Samples of cerebrospinal fluid (CSF) were examined, looking mainly at total cholinesterase (ChE) and acetyl-cholinesterase (AChE) levels from 139 living subjects. At the completion of the study, 35 of the 139 patients had died and pathological confirmation of the presence of dementia had been obtained. These results, together with results from other laboratories, provide evidence that a low CSF ChE level presenting in demented patients may indicate a depletion of the brain AChE system, and this may confirm a clinical diagnosis of AD as well as other types of dementia which are associated with an alteration of the brain AChE system. The overlap in the levels of CSF biochemical markers between demented and non-demented subjects which has led to many conflicting reports has always disappointed investigators. It is suggested that some 'control' subjects with CSF ChE activity indistinguishable from that in AD patients may have an abnormal ageing process in their brains (brain at risk), although the symptoms of dementia have not yet been detected. Recognition of a pre-clinical or incubation period is very beneficial for explaining discrepancies in biochemistry and pathology in the literature, and must be considered for both the treatment and the prevention of dementia. The long used treatment, which was designed to inhibit AChE, should no longer be used: treatment must be designed to enhance the activity of the neuronal AChE system, or slow its degeneration.

An CSF anamalous molecular form of acetylcholinesterase in demented and non-demented subjects

Analysis of 139 CSF samples from living subjects, using iso-electric focusing in polyacrylamide gels, demonstrated an anomalous molecular form of acetylcholinesterase (AChE). This form was present in 84 of 87 patients with a clinical diagnosis of Alzheimer's disease (AD), 28 of whom have died and in whom histopathological confirmation of AD was obtained. The abnormal AChE form was also present in 22 of 23 patients with clinical dementia not regarded as AD type. In the six patients who died this abnormal AChE form was found in three cases of multi-infarct dementia, one with cerebral glioma with dementia and one with clinical dementia, but no pathology was found based on the Khachaturian criteria for AD. One patient with normal pressure hydrocephalus was negative when tested for the abnormal AChE form. This evidence indicates that the anomalous molecular form of AChE may not be specific for AD, and may possibly be a common indicator for organic dementia.

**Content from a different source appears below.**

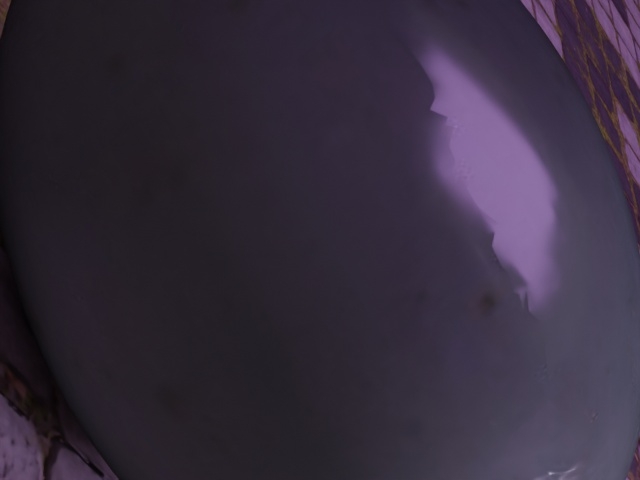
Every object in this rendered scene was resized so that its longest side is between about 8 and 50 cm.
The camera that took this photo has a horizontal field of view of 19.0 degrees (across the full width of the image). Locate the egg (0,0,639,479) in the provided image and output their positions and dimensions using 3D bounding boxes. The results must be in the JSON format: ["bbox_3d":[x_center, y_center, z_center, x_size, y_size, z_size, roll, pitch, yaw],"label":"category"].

The discovery of this form in 27 of 29 age-matched non-demented controls may indicate that the anomalous molecular form of AChE may not only exist in patients with clinically detectable dementia, but is probably present for a period before the onset of dementia. Recognizing and understanding the existence of pre-clinical dementia would be beneficial in designing a strategy for both the prevention and the treatment of dementia.